Introduction
Le lac Tchad, vestige d'une ancienne mer intérieure appelée la mer paléotchadienne, est aujourd'hui l'un des plus grands lacs d'Afrique. Situé au cœur du Sahel, il est partagé par le Tchad, le Cameroun, le Niger et le Nigeria. Ce lac endoréique (sans débouché vers l'océan) est alimenté principalement par les eaux du fleuve Chari et de son affluent, le Logone. Sa caractéristique la plus frappante est son extrême variabilité naturelle, tant en superficie qu'en profondeur, soumise aux caprices du climat sahélien. Cette variabilité, exacerbée par les changements climatiques et la pression humaine, en fait un symbole des défis environnementaux contemporains.
Description
Le lac Tchad est un système lacustre complexe et dynamique. Sa morphologie est caractérisée par une grande étendue d'eau libre au sud, une vaste zone de marécages, de plaines inondables et d'îles (comme les célèbres îles du lac Tchad) au nord et à l'est. Sa profondeur moyenne est très faible, généralement inférieure à 2 mètres, ce qui le rend particulièrement sensible à l'évaporation. Le bassin versant du lac s'étend sur environ 2,5 millions de km². Le régime hydrique est dominé par les apports du fleuve Chari (fournissant environ 90% des eaux) et par les précipitations saisonnières. Les paysages environnants vont des zones désertiques au nord aux savanes plus humides au sud.
Histoire
Il y a environ 7 000 ans, la mer paléotchadienne, ou Méga-Tchad, couvrait une superficie estimée à plus de 400 000 km², soit la taille de la mer Caspienne actuelle. Au fil des millénaires, le climat s'est asséché, réduisant cette immense mer au lac actuel. Historiquement, le lac a été un carrefour de civilisations et un centre économique majeur. Les royaumes du Kanem-Bornou, qui prospérèrent du VIIIe au XIXe siècle sur ses rives, en firent un axe central pour le commerce transsaharien (sel, or, ivoire, esclaves). Les explorateurs européens, comme l'Allemand Heinrich Barth au milieu du XIXe siècle, ont documenté son existence pour le monde occidental.

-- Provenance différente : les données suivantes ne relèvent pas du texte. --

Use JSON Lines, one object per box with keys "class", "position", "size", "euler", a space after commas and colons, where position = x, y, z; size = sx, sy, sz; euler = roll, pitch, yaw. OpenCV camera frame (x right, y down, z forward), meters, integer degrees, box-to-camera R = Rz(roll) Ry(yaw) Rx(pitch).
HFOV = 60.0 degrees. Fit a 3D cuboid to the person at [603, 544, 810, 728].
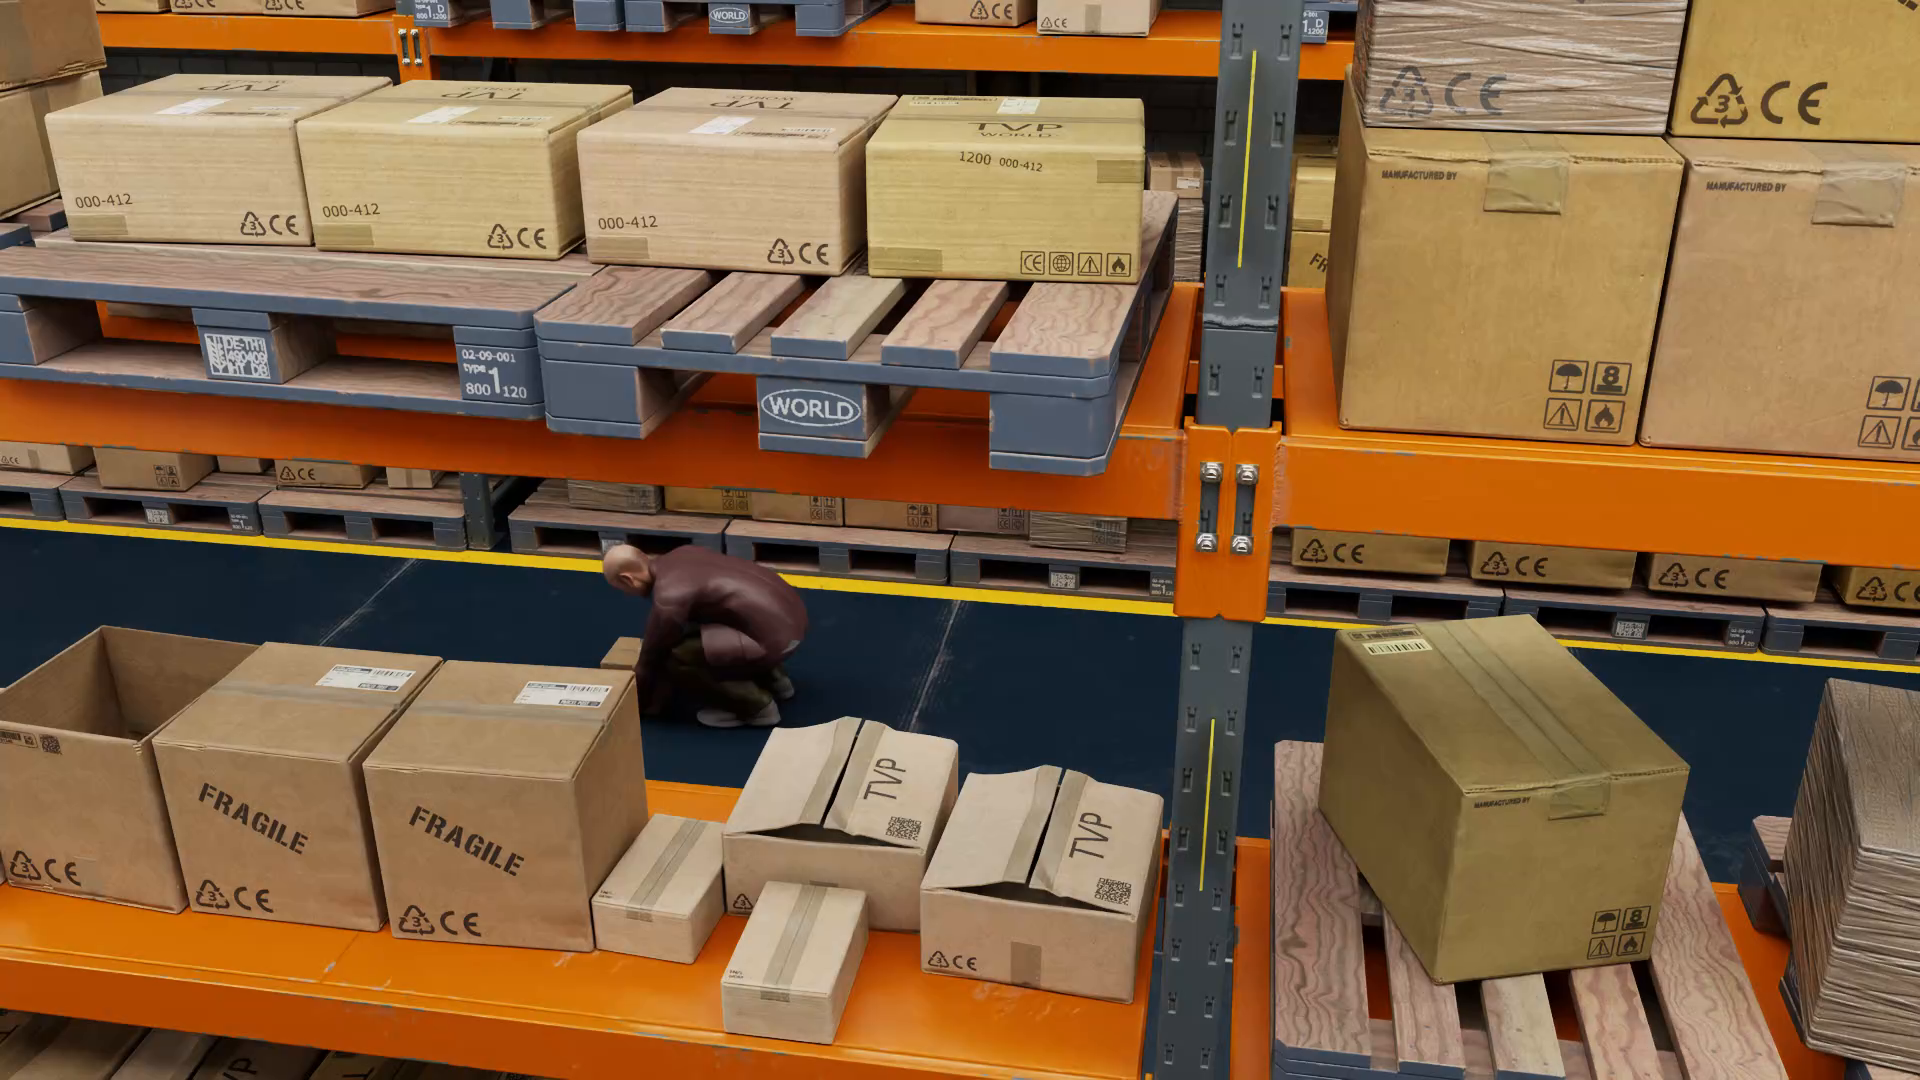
{"class": "person", "position": [-1.128, 0.433, 7.463], "size": [0.912, 0.892, 0.582], "euler": [4, 25, 8]}

Au XXe siècle, les observations satellitaires ont révélé une contraction spectaculaire : de près de 25 000 km² dans les années 1960, sa superficie est tombée à environ 1 500 km² dans les années 2000, avant de connaître une légère reprise ces dernières années, fluctuant entre 5 000 et 15 000 km² selon les saisons et les années.
Caracteristiques
**Superficie :** Extrêmement variable. Historiquement jusqu'à 25 000 km², aujourd'hui entre ~5 000 et 15 000 km². **Profondeur :** Très faible, moyenne de 1,5 mètre, maximale rarement supérieure à 7 m. **Altitude :** Environ 280 mètres au-dessus du niveau de la mer. **Salinité :** Eau douce, bien que l'évaporation intense puisse concentrer les sels dans certaines zones. **Biodiversité :** Le lac et ses zones humides associées abritent une faune et une flore remarquables. On y trouve des hippopotames, des crocodiles du Nil, des lamantins d'Afrique (population menacée), et plus de 120 espèces de poissons, dont certaines endémiques. C'est aussi une zone cruciale pour les oiseaux migrateurs paléarctiques, accueillant des millions d'individus. La végétation est dominée par les papyrus, les roseaux (Phragmites) et les nymphéas.
Importance
L'importance du lac Tchad est multidimensionnelle. **Écologiquement**, c'est une oasis de vie dans une région semi-aride, un hotspot de biodiversité et un régulateur climatique local. **Économiquement**, il est vital pour près de 40 millions de personnes. Il soutient la pêche (fournissant jusqu'à 60% des protéines animales aux riverains), l'agriculture (notamment la culture de décrue sur les rives exondées), l'élevage et l'approvisionnement en eau. **Socialement et géopolitiquement**, il est un facteur de cohésion mais aussi de tensions potentielles entre les pays riverains qui doivent gérer une ressource partagée et fluctuante. La crise sécuritaire liée à Boko Haram dans la région a également gravement affecté les activités économiques et déplacé des populations. Face à son assèchement, la Commission du Bassin du Lac Tchad (CBLT), créée en 1964, œuvre pour une gestion durable et des projets de sauvegarde, dont le controversé projet de transfert d'eau depuis le bassin du Congo (projet Transaqua).